Economy to post growth in 4Q20


MALAYSIA’S economy is projected to see a turnaround and record a marginal growth in the fourth quarter this year (4Q20), bringing the full-year GDP contraction to -3.5%.

UOB Global Economics and Market Research highlighted that public spending and fiscal support will alleviate the contraction in GDP by year-end.

“Public spending and fiscal support (with direct fiscal spending of RM45 billion) are estimated to cushion the GDP by three percentage points this year.

“Going into 2021, a low base effect, alongside the soon-to-be-tabled Budget 2021 in early November and 12th Malaysia Plan (12MP) in January 2021, is expected to lend support for a higher growth of 5.5% (Bank Negara Malaysia [BNM] forecast: +5.5% to +8%) in 2021,” it said in a report titled “Quarterly Global Outlook 4Q 2020 — A new beginning or Deja Vu” recently.

BNM’s decision to maintain the Overnight Policy Rate (OPR) at 1.75% after a cumulative 125-basis-point cut over four meetings since January reflects its positive outlook on the recovering economy.

The firm stated that the central bank’s recent move to leave the policy rate unchanged implies no further rate cuts will take place in the current juncture.

The OPR is also expected to stay at 1.75% until at least mid-2021, UOB noted. Deflation risks are expected to ease further as the domestic economy recovers and commodity prices stabilise.

The Singapore-based bank projects Malaysia’s full-year inflation to average -0.5% (BNM forecast: -0.5% to +0.5%) in 2020 before rising fast to 2.1% (BNM forecast: 1% to 3%) in 2021.

“Global oil and commodity prices remain the wildcards that could affect cost pressures. However, underlying inflation is expected to remain subdued, owing to spare capacity,” it added.
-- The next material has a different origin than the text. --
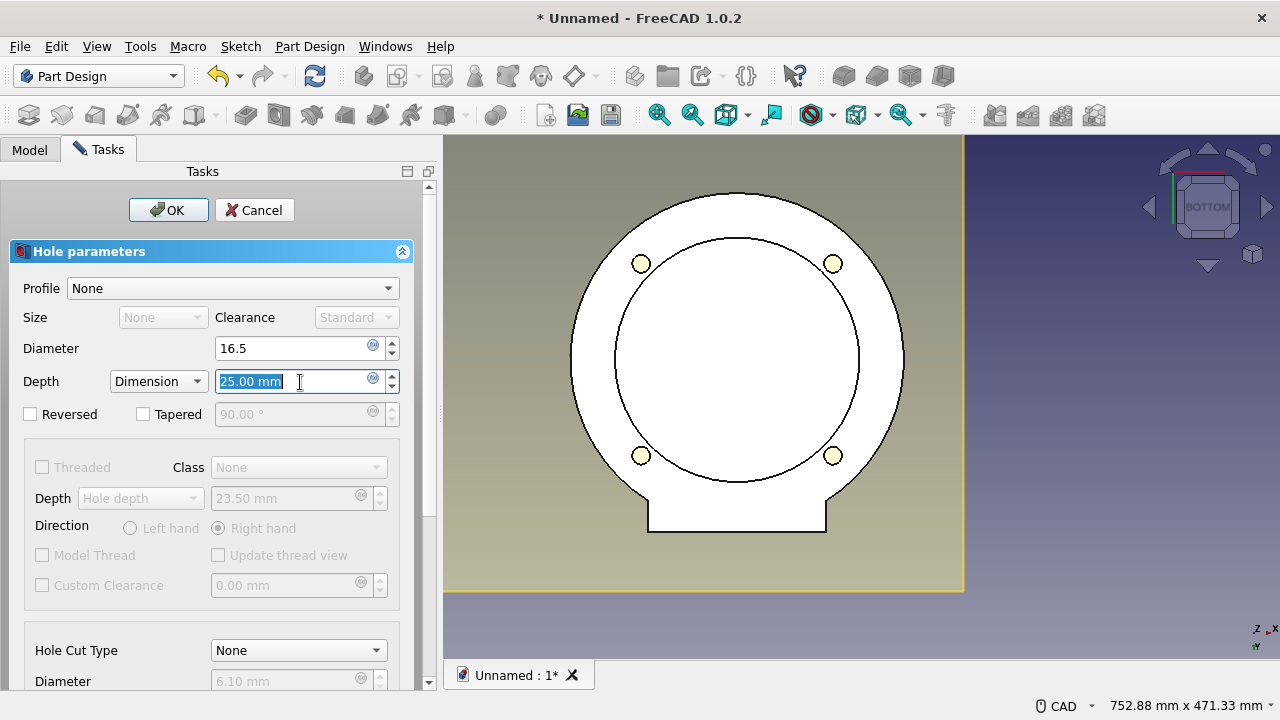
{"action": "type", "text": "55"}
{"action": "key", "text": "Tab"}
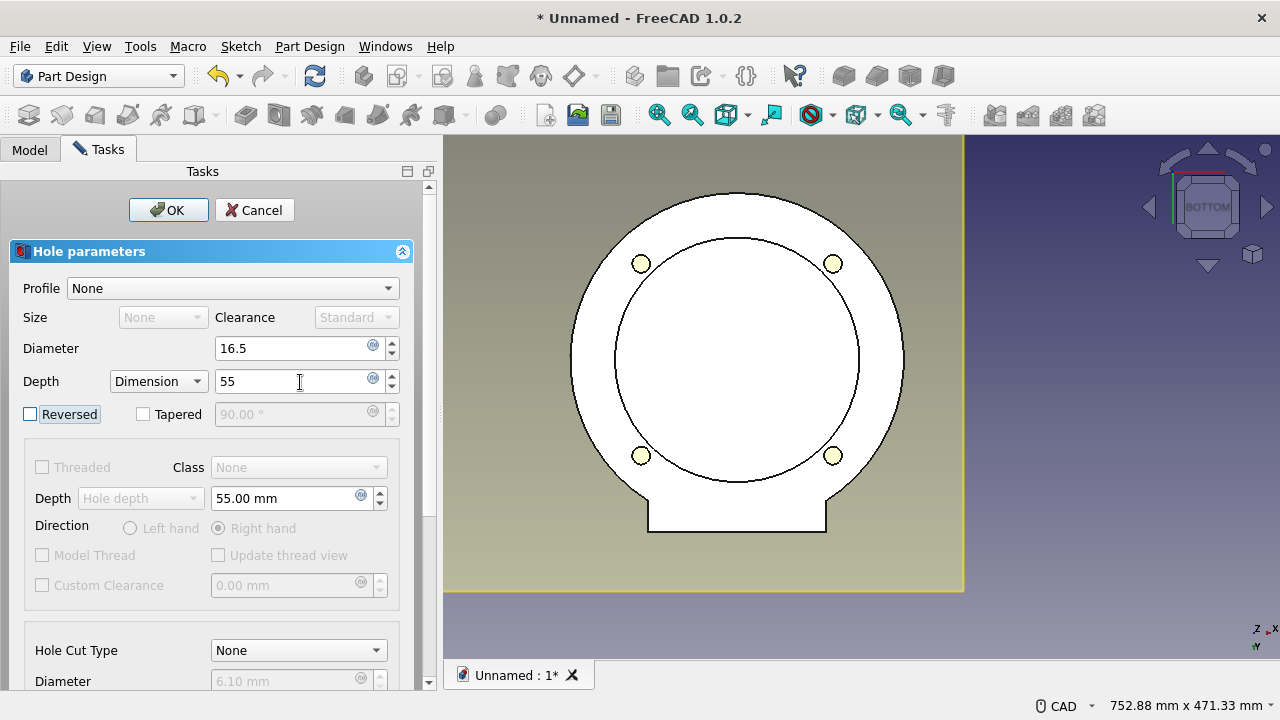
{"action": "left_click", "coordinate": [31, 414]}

The firm believes that the ringgit is poised to continue its modest gains backed by stable crude oil prices above US$40 (RM166.80) per barrel over the coming few quarters.

Although Malaysia has raised its public debt ceiling to 60% of GDP and projected a fiscal deficit of 6% of GDP this year, this has not derailed the gains in ringgit, UOB added.

Broad US dollar weakness following a shift in the US Federal Reserve’s monetary policy approach, coupled with firm yuan and stable oil prices, should provide underlying support to the ringgit, UOB stated.

“On the macro end, signs of economic recovery and signals from the central bank for interest-rate pause are additional positive factors.

“Our ringgit/US dollar point forecasts are 4.12 for 4Q20, 4.08 for 1Q21, and 4.05 for both 2Q21 and 3Q21,” it said.